→ **Aim of the task**:
Below are entries; count each line that holds the word "quot" and report the number without any other words.

→ **Records for the task**:

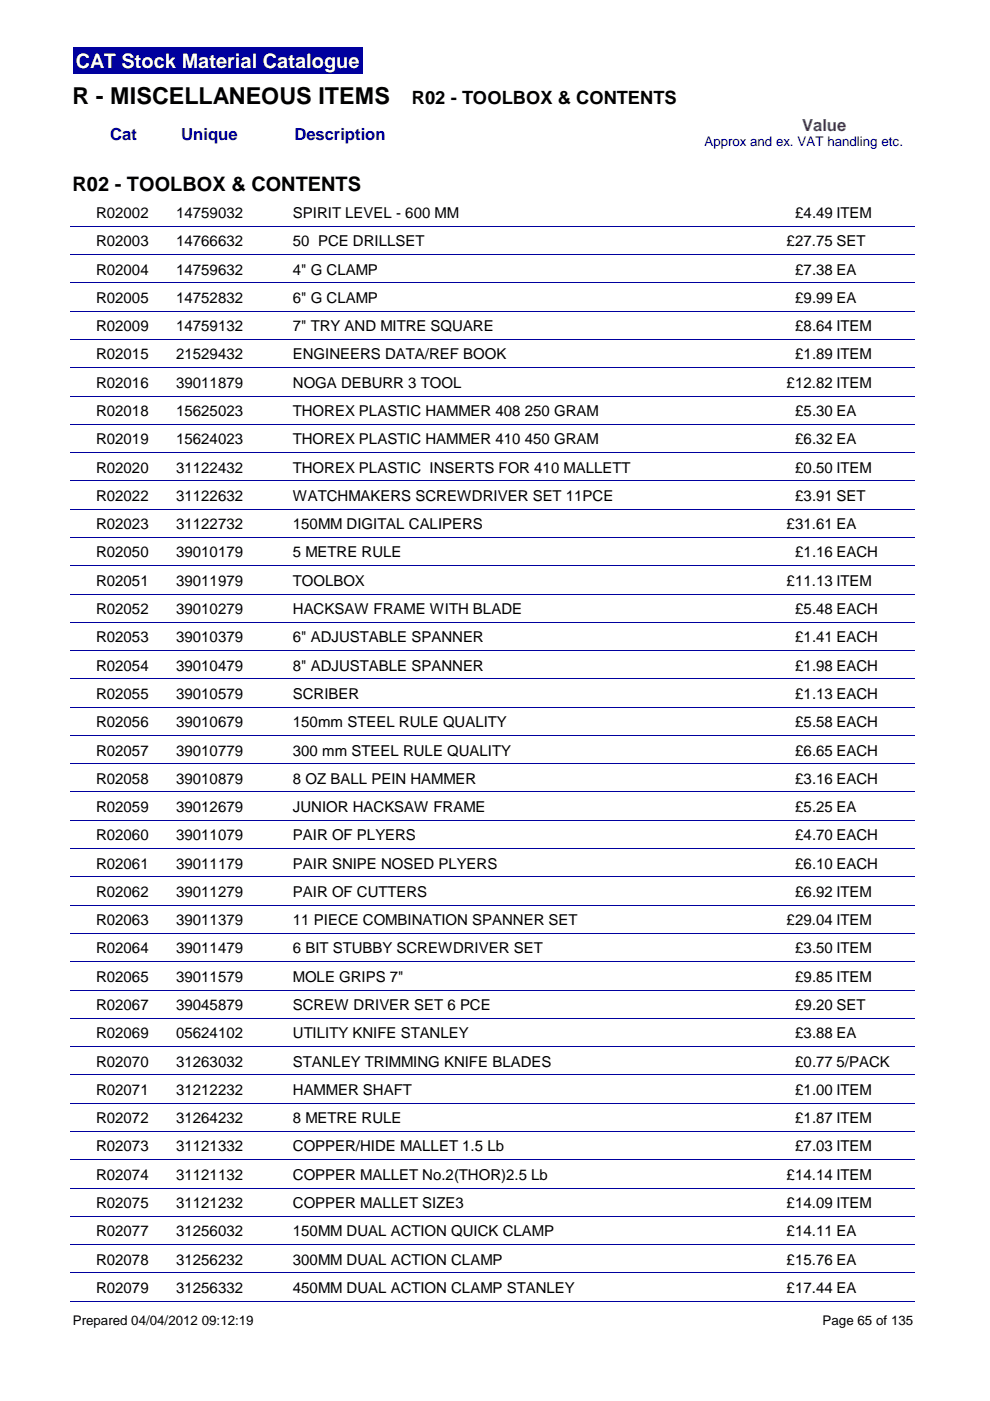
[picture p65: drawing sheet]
<svg xmlns="http://www.w3.org/2000/svg" width="210mm" height="297mm" viewBox="0 0 210 297" stroke-linecap="round" stroke-linejoin="round" font-family="sans-serif">
<defs><g id="words">
<text font-size="4.9" x="15.4" y="22.1">R - MISCELLANEOUS ITEMS</text>
<text font-size="4.2" fill="#fff" x="16" y="14.4">CAT Stock Material Catalogue</text>
<text font-size="4.2" x="15.4" y="40.5">R02 - TOOLBOX &amp; CONTENTS</text>
<text font-size="3.9" x="87.3" y="22.1">R02 - TOOLBOX &amp; CONTENTS</text>
<g font-size="3.5" fill="#00009e">
<text x="23.4" y="29.7">Cat</text>
<text x="38.4" y="29.8">Unique</text>
<text x="62.4" y="29.8">Description</text>
</g>
<text font-size="3.5" fill="#800080" x="170.1" y="27.7">Value</text>
<g font-size="3.2">
<text x="20.4" y="46.2">R02002</text>
<text x="37.3" y="46.2">14759032</text>
<text x="62.1" y="46.2">SPIRIT LEVEL - 600 MM</text>
<text x="168.6" y="46.2">£4.49 ITEM</text>
<text x="20.4" y="52.2">R02003</text>
<text x="37.3" y="52.2">14766632</text>
<text x="62.1" y="52.2">50 PCE DRILLSET</text>
<text x="166.8" y="52.2">£27.75 SET</text>
<text x="20.4" y="58.2">R02004</text>
<text x="37.3" y="58.2">14759632</text>
<text x="62.1" y="58.2">4&quot; G CLAMP</text>
<text x="168.6" y="58.2">£7.38 EA</text>
<text x="20.4" y="64.2">R02005</text>
<text x="37.3" y="64.2">14752832</text>
<text x="62.1" y="64.2">6&quot; G CLAMP</text>
<text x="168.6" y="64.2">£9.99 EA</text>
<text x="20.4" y="70.2">R02009</text>
<text x="37.3" y="70.2">14759132</text>
<text x="62.1" y="70.2">7&quot; TRY AND MITRE SQUARE</text>
<text x="168.6" y="70.2">£8.64 ITEM</text>
<text x="20.4" y="76.2">R02015</text>
<text x="37.3" y="76.2">21529432</text>
<text x="62.1" y="76.2">ENGINEERS DATA/REF BOOK</text>
<text x="168.6" y="76.2">£1.89 ITEM</text>
<text x="20.4" y="82.2">R02016</text>
<text x="37.3" y="82.2">39011879</text>
<text x="62.1" y="82.2">NOGA DEBURR 3 TOOL</text>
<text x="166.8" y="82.2">£12.82 ITEM</text>
<text x="20.4" y="88.2">R02018</text>
<text x="37.3" y="88.2">15625023</text>
<text x="62.1" y="88.2">THOREX PLASTIC HAMMER 408 250 GRAM</text>
<text x="168.6" y="88.2">£5.30 EA</text>
<text x="20.4" y="94.2">R02019</text>
<text x="37.3" y="94.2">15624023</text>
<text x="62.1" y="94.2">THOREX PLASTIC HAMMER 410 450 GRAM</text>
<text x="168.6" y="94.2">£6.32 EA</text>
<text x="20.4" y="100.2">R02020</text>
<text x="37.3" y="100.2">31122432</text>
<text x="62.1" y="100.2">THOREX PLASTIC INSERTS FOR 410 MALLETT</text>
<text x="168.6" y="100.2">£0.50 ITEM</text>
<text x="20.4" y="106.2">R02022</text>
<text x="37.3" y="106.2">31122632</text>
<text x="62.1" y="106.2">WATCHMAKERS SCREWDRIVER SET 11PCE</text>
<text x="168.6" y="106.2">£3.91 SET</text>
<text x="20.4" y="112.2">R02023</text>
<text x="37.3" y="112.2">31122732</text>
<text x="62.1" y="112.2">150MM DIGITAL CALIPERS</text>
<text x="166.8" y="112.2">£31.61 EA</text>
<text x="20.4" y="118.2">R02050</text>
<text x="37.3" y="118.2">39010179</text>
<text x="62.1" y="118.2">5 METRE RULE</text>
<text x="168.6" y="118.2">£1.16 EACH</text>
<text x="20.4" y="124.2">R02051</text>
<text x="37.3" y="124.2">39011979</text>
<text x="62.1" y="124.2">TOOLBOX</text>
<text x="166.8" y="124.2">£11.13 ITEM</text>
<text x="20.4" y="130.2">R02052</text>
<text x="37.3" y="130.2">39010279</text>
<text x="62.1" y="130.2">HACKSAW FRAME WITH BLADE</text>
<text x="168.6" y="130.2">£5.48 EACH</text>
<text x="20.4" y="136.2">R02053</text>
<text x="37.3" y="136.2">39010379</text>
<text x="62.1" y="136.2">6&quot; ADJUSTABLE SPANNER</text>
<text x="168.6" y="136.2">£1.41 EACH</text>
<text x="20.4" y="142.2">R02054</text>
<text x="37.3" y="142.2">39010479</text>
<text x="62.1" y="142.2">8&quot; ADJUSTABLE SPANNER</text>
<text x="168.6" y="142.2">£1.98 EACH</text>
<text x="20.4" y="148.2">R02055</text>
<text x="37.3" y="148.2">39010579</text>
<text x="62.1" y="148.2">SCRIBER</text>
<text x="168.6" y="148.2">£1.13 EACH</text>
<text x="20.4" y="154.2">R02056</text>
<text x="37.3" y="154.2">39010679</text>
<text x="62.1" y="154.2">150mm STEEL RULE QUALITY</text>
<text x="168.6" y="154.2">£5.58 EACH</text>
<text x="20.4" y="160.2">R02057</text>
<text x="37.3" y="160.2">39010779</text>
<text x="62.1" y="160.2">300 mm STEEL RULE QUALITY</text>
<text x="168.6" y="160.2">£6.65 EACH</text>
<text x="20.4" y="166.2">R02058</text>
<text x="37.3" y="166.2">39010879</text>
<text x="62.1" y="166.2">8 OZ BALL PEIN HAMMER</text>
<text x="168.6" y="166.2">£3.16 EACH</text>
<text x="20.4" y="172.2">R02059</text>
<text x="37.3" y="172.2">39012679</text>
<text x="62.1" y="172.2">JUNIOR HACKSAW FRAME</text>
<text x="168.6" y="172.2">£5.25 EA</text>
<text x="20.4" y="178.2">R02060</text>
<text x="37.3" y="178.2">39011079</text>
<text x="62.1" y="178.2">PAIR OF PLYERS</text>
<text x="168.6" y="178.2">£4.70 EACH</text>
<text x="20.4" y="184.1">R02061</text>
<text x="37.3" y="184.1">39011179</text>
<text x="62.1" y="184.1">PAIR SNIPE NOSED PLYERS</text>
<text x="168.6" y="184.1">£6.10 EACH</text>
<text x="20.4" y="190.2">R02062</text>
<text x="37.3" y="190.2">39011279</text>
<text x="62.1" y="190.2">PAIR OF CUTTERS</text>
<text x="168.6" y="190.2">£6.92 ITEM</text>
<text x="20.4" y="196.2">R02063</text>
<text x="37.3" y="196.2">39011379</text>
<text x="62.1" y="196.2">11 PIECE COMBINATION SPANNER SET</text>
<text x="166.8" y="196.2">£29.04 ITEM</text>
<text x="20.4" y="202.1">R02064</text>
<text x="37.3" y="202.1">39011479</text>
<text x="62.1" y="202.1">6 BIT STUBBY SCREWDRIVER SET</text>
<text x="168.6" y="202.1">£3.50 ITEM</text>
<text x="20.4" y="208.2">R02065</text>
<text x="37.3" y="208.2">39011579</text>
<text x="62.1" y="208.2">MOLE GRIPS 7&quot;</text>
<text x="168.6" y="208.2">£9.85 ITEM</text>
<text x="20.4" y="214.2">R02067</text>
<text x="37.3" y="214.2">39045879</text>
<text x="62.1" y="214.2">SCREW DRIVER SET 6 PCE</text>
<text x="168.6" y="214.2">£9.20 SET</text>
<text x="20.4" y="220.1">R02069</text>
<text x="37.3" y="220.1">05624102</text>
<text x="62.1" y="220.1">UTILITY KNIFE STANLEY</text>
<text x="168.6" y="220.1">£3.88 EA</text>
<text x="20.4" y="226.1">R02070</text>
<text x="37.3" y="226.1">31263032</text>
<text x="62.1" y="226.1">STANLEY TRIMMING KNIFE BLADES</text>
<text x="168.6" y="226.1">£0.77 5/PACK</text>
<text x="20.4" y="232.2">R02071</text>
<text x="37.3" y="232.2">31212232</text>
<text x="62.1" y="232.2">HAMMER SHAFT</text>
<text x="168.6" y="232.2">£1.00 ITEM</text>
<text x="20.4" y="238.1">R02072</text>
<text x="37.3" y="238.1">31264232</text>
<text x="62.1" y="238.1">8 METRE RULE</text>
<text x="168.6" y="238.1">£1.87 ITEM</text>
<text x="20.4" y="244.1">R02073</text>
<text x="37.3" y="244.1">31121332</text>
<text x="62.1" y="244.1">COPPER/HIDE MALLET 1.5 Lb</text>
<text x="168.6" y="244.1">£7.03 ITEM</text>
<text x="20.4" y="250.1">R02074</text>
<text x="37.3" y="250.1">31121132</text>
<text x="62.1" y="250.1">COPPER MALLET No.2(THOR)2.5 Lb</text>
<text x="166.8" y="250.1">£14.14 ITEM</text>
<text x="20.4" y="256.1">R02075</text>
<text x="37.3" y="256.1">31121232</text>
<text x="62.1" y="256.1">COPPER MALLET SIZE3</text>
<text x="166.8" y="256.1">£14.09 ITEM</text>
<text x="20.4" y="262.1">R02077</text>
<text x="37.3" y="262.1">31256032</text>
<text x="62.1" y="262.1">150MM DUAL ACTION QUICK CLAMP</text>
<text x="166.8" y="262.1">£14.11 EA</text>
<text x="20.4" y="268.1">R02078</text>
<text x="37.3" y="268.1">31256232</text>
<text x="62.1" y="268.1">300MM DUAL ACTION CLAMP</text>
<text x="166.8" y="268.1">£15.76 EA</text>
<text x="20.4" y="274.1">R02079</text>
<text x="37.3" y="274.1">31256332</text>
<text x="62.1" y="274.1">450MM DUAL ACTION CLAMP STANLEY</text>
<text x="166.8" y="274.1">£17.44 EA</text>
</g>
<text font-size="2.8" fill="#00009e" x="149.4" y="30.9">Approx and ex. VAT handling etc.</text>
<g font-size="2.8">
<text x="15.4" y="281">Prepared 04/04/2012 09:12:19</text>
<text x="174.4" y="281">Page 65 of 135</text>
</g>
</g></defs>
<path d="M15.4 10h61.4v5.6h-61.4z" fill="#00009e"/>
<g fill="none" stroke="#00009e" stroke-width=".21">
<path d="M15 48h179M15 54h179M15 60h179M15 66h179M15 72h179M15 78h179M15 84h179M15 90h179M15 96h179M15 102h179M15 108h179M15 113.9h179"/>
<path d="M15 120h179M15 126h179M15 131.9h179M15 137.9h179M15 144h179M15 149.9h179M15 155.9h179M15 161.9h179M15 167.9h179M15 173.9h179M15 179.9h179M15 185.9h179"/>
<path d="M15 191.9h179M15 197.9h179M15 203.9h179M15 209.9h179M15 215.9h179M15 221.9h179M15 227.9h179M15 233.9h179M15 239.9h179M15 245.9h179M15 251.9h179M15 257.9h179"/>
<path d="M15 263.9h179M15 269.9h179M15 275.9h179"/>
</g>
<use href="#words"/>
</svg>

→ **Finished exercise**:
6